- [TASK INSTRUCTIONS]
Print every entry exactly as written and exclude all images.

(DATASET CONTENT Opens)

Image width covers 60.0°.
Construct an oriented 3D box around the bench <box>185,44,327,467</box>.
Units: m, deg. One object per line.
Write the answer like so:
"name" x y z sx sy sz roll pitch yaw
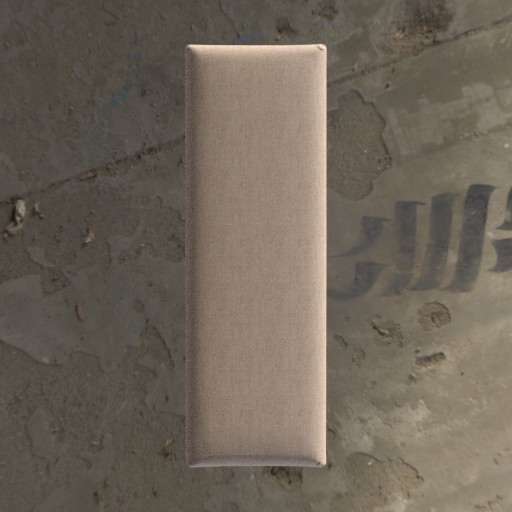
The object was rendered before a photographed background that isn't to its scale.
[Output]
"bench" 0.000 0.000 1.447 0.410 0.457 1.219 0 90 0
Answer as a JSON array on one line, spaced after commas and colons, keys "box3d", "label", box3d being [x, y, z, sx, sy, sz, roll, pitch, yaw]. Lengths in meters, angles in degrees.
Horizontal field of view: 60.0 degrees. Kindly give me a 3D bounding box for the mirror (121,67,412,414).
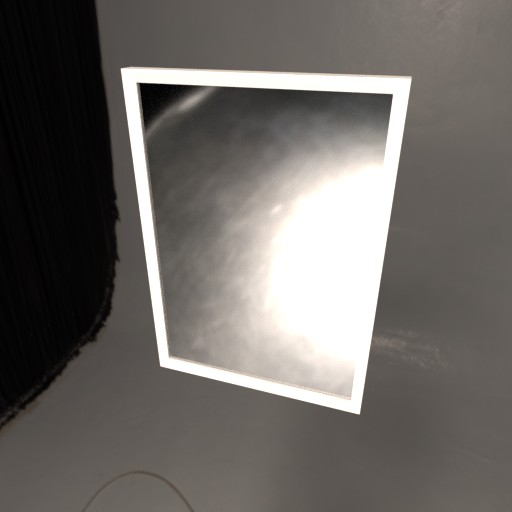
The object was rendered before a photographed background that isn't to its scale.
[{"box3d": [0.000, 0.000, 0.922, 0.507, 0.710, 0.039, 9, 29, 16], "label": "mirror"}]
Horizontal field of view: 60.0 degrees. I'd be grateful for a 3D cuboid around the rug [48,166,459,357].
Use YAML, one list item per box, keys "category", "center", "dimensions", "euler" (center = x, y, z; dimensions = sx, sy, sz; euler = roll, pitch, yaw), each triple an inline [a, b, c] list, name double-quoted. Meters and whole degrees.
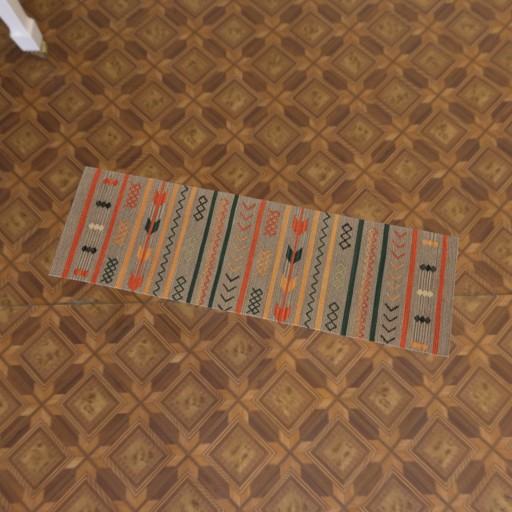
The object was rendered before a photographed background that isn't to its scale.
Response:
- category: "rug"
  center: [0.000, 0.000, 2.713]
  dimensions: [2.419, 0.022, 0.744]
  euler: [11, 75, 3]
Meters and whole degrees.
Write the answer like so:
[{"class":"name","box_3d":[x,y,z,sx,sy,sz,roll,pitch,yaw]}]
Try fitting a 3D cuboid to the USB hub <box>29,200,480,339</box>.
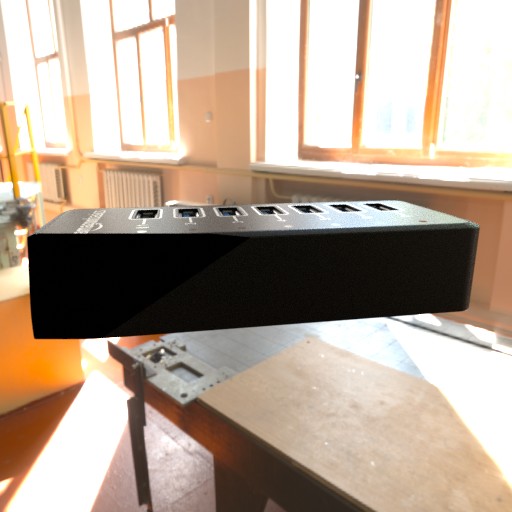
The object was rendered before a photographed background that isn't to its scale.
[{"class":"USB hub","box_3d":[0.000,0.000,0.125,0.110,0.023,0.044,-3,16,-10]}]
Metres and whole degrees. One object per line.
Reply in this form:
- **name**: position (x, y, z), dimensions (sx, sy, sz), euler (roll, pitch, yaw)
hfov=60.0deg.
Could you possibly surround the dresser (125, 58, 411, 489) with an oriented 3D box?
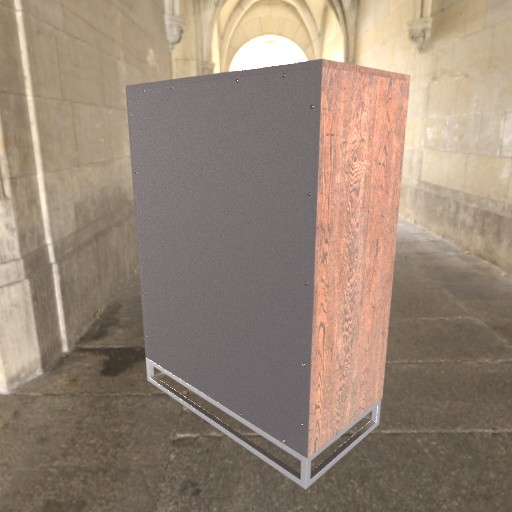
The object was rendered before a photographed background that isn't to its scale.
- **dresser**: position (0.000, 0.000, 1.790), dimensions (0.965, 1.321, 0.508), euler (15, 21, 42)
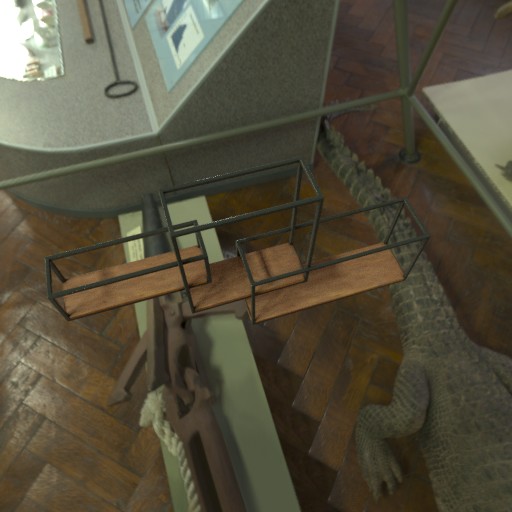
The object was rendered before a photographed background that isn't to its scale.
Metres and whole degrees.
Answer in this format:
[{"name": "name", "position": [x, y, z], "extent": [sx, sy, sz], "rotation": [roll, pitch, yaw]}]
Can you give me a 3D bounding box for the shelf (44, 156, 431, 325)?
[{"name": "shelf", "position": [0.000, 0.000, 2.155], "extent": [1.781, 0.972, 0.275], "rotation": [-15, 59, -9]}]
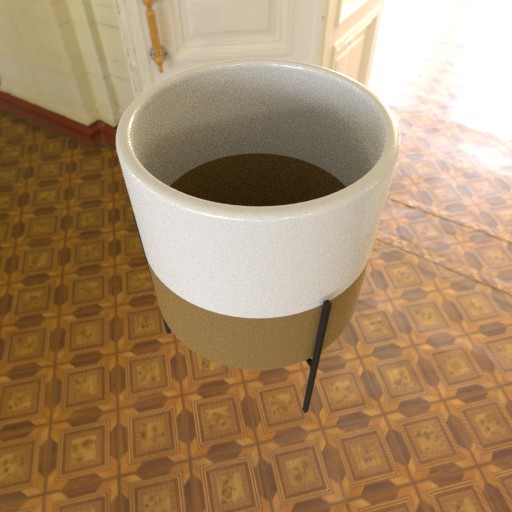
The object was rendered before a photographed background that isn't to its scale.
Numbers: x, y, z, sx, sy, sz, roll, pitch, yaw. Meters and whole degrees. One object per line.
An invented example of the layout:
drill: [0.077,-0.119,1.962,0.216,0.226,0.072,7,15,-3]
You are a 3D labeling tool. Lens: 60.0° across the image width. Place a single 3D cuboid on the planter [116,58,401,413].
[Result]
planter: [0.000,0.000,0.632,0.310,0.432,0.310,-10,49,-9]
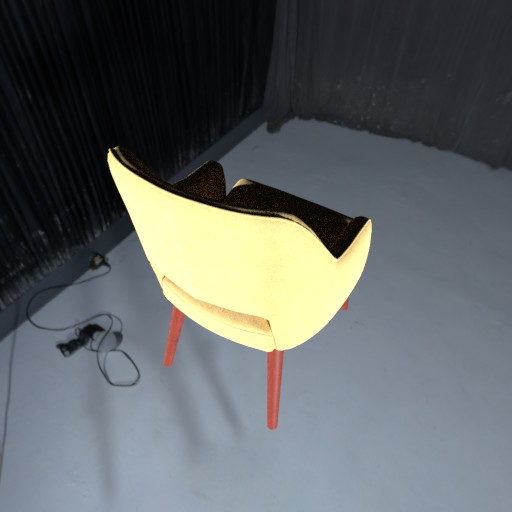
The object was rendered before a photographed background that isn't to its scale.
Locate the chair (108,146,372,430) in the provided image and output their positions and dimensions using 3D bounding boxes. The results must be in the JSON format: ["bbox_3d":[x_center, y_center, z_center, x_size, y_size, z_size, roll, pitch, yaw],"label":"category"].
[{"bbox_3d":[0.000,0.000,1.251,0.548,0.849,0.605,24,51,21],"label":"chair"}]
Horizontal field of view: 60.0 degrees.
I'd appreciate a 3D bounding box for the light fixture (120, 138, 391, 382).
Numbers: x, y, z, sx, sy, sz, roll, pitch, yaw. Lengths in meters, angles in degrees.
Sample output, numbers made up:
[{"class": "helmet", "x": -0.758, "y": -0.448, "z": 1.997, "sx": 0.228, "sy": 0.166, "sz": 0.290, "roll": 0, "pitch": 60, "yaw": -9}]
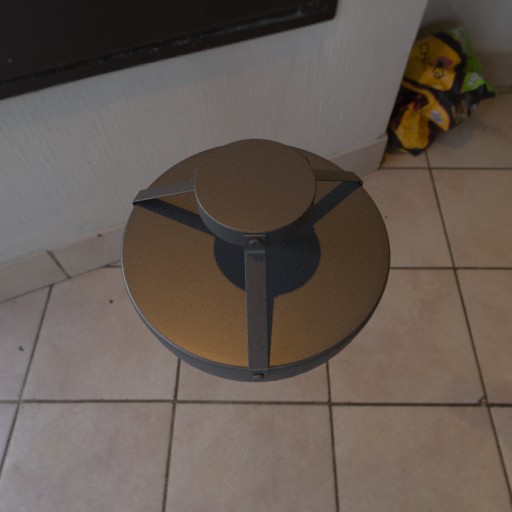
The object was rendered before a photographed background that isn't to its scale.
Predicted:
[{"class": "light fixture", "x": 0.000, "y": 0.000, "z": 0.534, "sx": 0.304, "sy": 0.269, "sz": 0.304, "roll": 0, "pitch": 59, "yaw": 0}]
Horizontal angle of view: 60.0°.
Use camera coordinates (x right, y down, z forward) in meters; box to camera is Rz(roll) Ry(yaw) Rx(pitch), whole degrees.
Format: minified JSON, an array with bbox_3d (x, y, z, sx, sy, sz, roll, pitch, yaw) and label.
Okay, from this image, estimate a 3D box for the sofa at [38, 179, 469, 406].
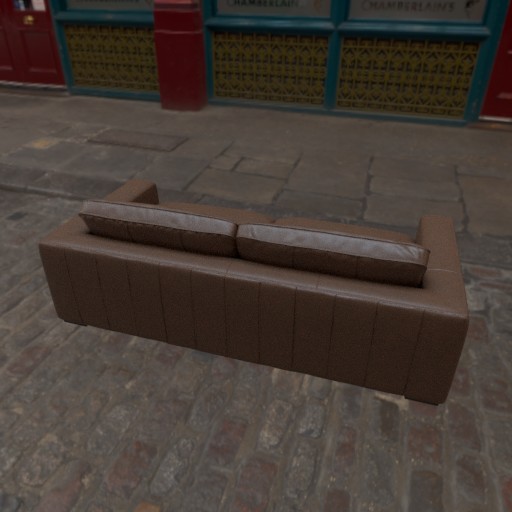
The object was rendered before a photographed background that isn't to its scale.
[{"bbox_3d":[0.000,0.000,2.693,2.262,0.801,1.070,9,32,15],"label":"sofa"}]
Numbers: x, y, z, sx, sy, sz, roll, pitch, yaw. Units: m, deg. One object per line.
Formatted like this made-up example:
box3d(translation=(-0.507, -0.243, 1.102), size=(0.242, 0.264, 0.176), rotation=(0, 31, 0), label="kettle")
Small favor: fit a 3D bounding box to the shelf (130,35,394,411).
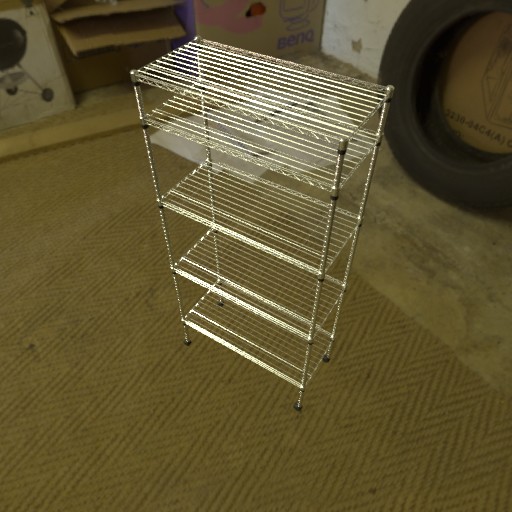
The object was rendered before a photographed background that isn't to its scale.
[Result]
box3d(translation=(0.000, 0.000, 1.932), size=(0.762, 1.587, 0.356), rotation=(25, 51, 22), label="shelf")
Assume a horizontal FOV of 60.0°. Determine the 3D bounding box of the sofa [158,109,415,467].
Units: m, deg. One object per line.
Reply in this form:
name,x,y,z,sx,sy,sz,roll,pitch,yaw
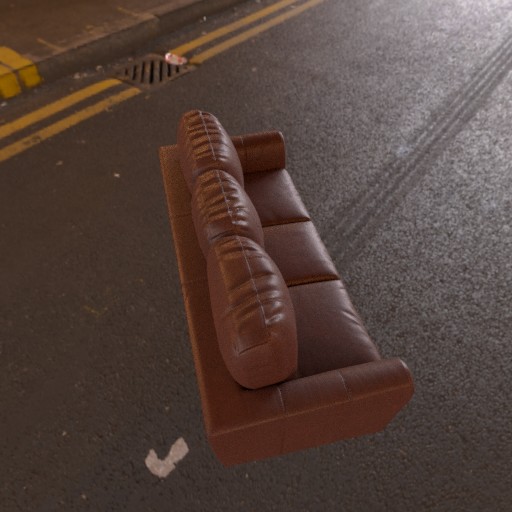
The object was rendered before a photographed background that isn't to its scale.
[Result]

(DATASET CONTENT Closes)

- [EXERCISE RESULT]
Image width covers 60.0°.
Construct an oriented 3D box around the bench <box>185,44,327,467</box>.
Units: m, deg. One object per line.
Write the answer like so:
"name" x y z sx sy sz roll pitch yaw
The object was rendered before a photographed background that isn't to its scale.
[Output]
"bench" 0.000 0.000 1.447 0.410 0.457 1.219 0 90 0
Answer as a JSON array on one line, spaced after commas and colons, keys "box3d", "label", box3d being [x, y, z, sx, sy, sz, roll, pitch, yaw]. Lengths in meters, angles in degrees.
Horizontal field of view: 60.0 degrees. Kindly give me a 3D bounding box for the mirror (121,67,412,414).
The object was rendered before a photographed background that isn't to its scale.
[{"box3d": [0.000, 0.000, 0.922, 0.507, 0.710, 0.039, 9, 29, 16], "label": "mirror"}]
Horizontal field of view: 60.0 degrees. I'd be grateful for a 3D cuboid around the rug [48,166,459,357].
Use YAML, one list item per box, keys "category", "center", "dimensions", "euler" (center = x, y, z; dimensions = sx, sy, sz; euler = roll, pitch, yaw), each triple an inline [a, b, c] list, name double-quoted. Meters and whole degrees.
The object was rendered before a photographed background that isn't to its scale.
Response:
- category: "rug"
  center: [0.000, 0.000, 2.713]
  dimensions: [2.419, 0.022, 0.744]
  euler: [11, 75, 3]
Meters and whole degrees.
Write the answer like so:
[{"class":"name","box_3d":[x,y,z,sx,sy,sz,roll,pitch,yaw]}]
Try fitting a 3D cuboid to the USB hub <box>29,200,480,339</box>.
The object was rendered before a photographed background that isn't to its scale.
[{"class":"USB hub","box_3d":[0.000,0.000,0.125,0.110,0.023,0.044,-3,16,-10]}]
Metres and whole degrees. One object per line.
Reply in this form:
- **name**: position (x, y, z), dimensions (sx, sy, sz), euler (roll, pitch, yaw)
hfov=60.0deg.
Could you possibly surround the dresser (125, 58, 411, 489) with an oriented 3D box?
The object was rendered before a photographed background that isn't to its scale.
- **dresser**: position (0.000, 0.000, 1.790), dimensions (0.965, 1.321, 0.508), euler (15, 21, 42)
The object was rendered before a photographed background that isn't to its scale.
Metres and whole degrees.
Answer in this format:
[{"name": "name", "position": [x, y, z], "extent": [sx, sy, sz], "rotation": [roll, pitch, yaw]}]
Can you give me a 3D bounding box for the shelf (44, 156, 431, 325)?
[{"name": "shelf", "position": [0.000, 0.000, 2.155], "extent": [1.781, 0.972, 0.275], "rotation": [-15, 59, -9]}]
The object was rendered before a photographed background that isn't to its scale.
Numbers: x, y, z, sx, sy, sz, roll, pitch, yaw. Meters and whole degrees. One object per line.
An invented example of the layout:
drill: [0.077,-0.119,1.962,0.216,0.226,0.072,7,15,-3]
You are a 3D labeling tool. Lens: 60.0° across the image width. Place a single 3D cuboid on the planter [116,58,401,413].
[Result]
planter: [0.000,0.000,0.632,0.310,0.432,0.310,-10,49,-9]
The object was rendered before a photographed background that isn't to its scale.
Locate the chair (108,146,372,430) in the provided image and output their positions and dimensions using 3D bounding boxes. The results must be in the JSON format: ["bbox_3d":[x_center, y_center, z_center, x_size, y_size, z_size, roll, pitch, yaw],"label":"category"].
[{"bbox_3d":[0.000,0.000,1.251,0.548,0.849,0.605,24,51,21],"label":"chair"}]
Horizontal field of view: 60.0 degrees.
I'd appreciate a 3D bounding box for the light fixture (120, 138, 391, 382).
Numbers: x, y, z, sx, sy, sz, roll, pitch, yaw. Lengths in meters, angles in degrees.
Sample output, numbers made up:
[{"class": "helmet", "x": -0.758, "y": -0.448, "z": 1.997, "sx": 0.228, "sy": 0.166, "sz": 0.290, "roll": 0, "pitch": 60, "yaw": -9}]
The object was rendered before a photographed background that isn't to its scale.
Predicted:
[{"class": "light fixture", "x": 0.000, "y": 0.000, "z": 0.534, "sx": 0.304, "sy": 0.269, "sz": 0.304, "roll": 0, "pitch": 59, "yaw": 0}]
Horizontal angle of view: 60.0°.
Use camera coordinates (x right, y down, z forward) in meters; box to camera is Rz(roll) Ry(yaw) Rx(pitch), whole degrees.
Format: minified JSON, an array with bbox_3d (x, y, z, sx, sy, sz, roll, pitch, yaw) and label.
Okay, from this image, estimate a 3D box for the sofa at [38, 179, 469, 406].
The object was rendered before a photographed background that isn't to its scale.
[{"bbox_3d":[0.000,0.000,2.693,2.262,0.801,1.070,9,32,15],"label":"sofa"}]
Numbers: x, y, z, sx, sy, sz, roll, pitch, yaw. Units: m, deg. One object per line.
Formatted like this made-up example:
box3d(translation=(-0.507, -0.243, 1.102), size=(0.242, 0.264, 0.176), rotation=(0, 31, 0), label="kettle")
Small favor: fit a 3D bounding box to the shelf (130,35,394,411).
The object was rendered before a photographed background that isn't to its scale.
[Result]
box3d(translation=(0.000, 0.000, 1.932), size=(0.762, 1.587, 0.356), rotation=(25, 51, 22), label="shelf")
Assume a horizontal FOV of 60.0°. Determine the 3D bounding box of the sofa [158,109,415,467].
Units: m, deg. One object per line.
Reply in this form:
name,x,y,z,sx,sy,sz,roll,pitch,yaw
The object was rendered before a photographed background that isn't to its scale.
[Result]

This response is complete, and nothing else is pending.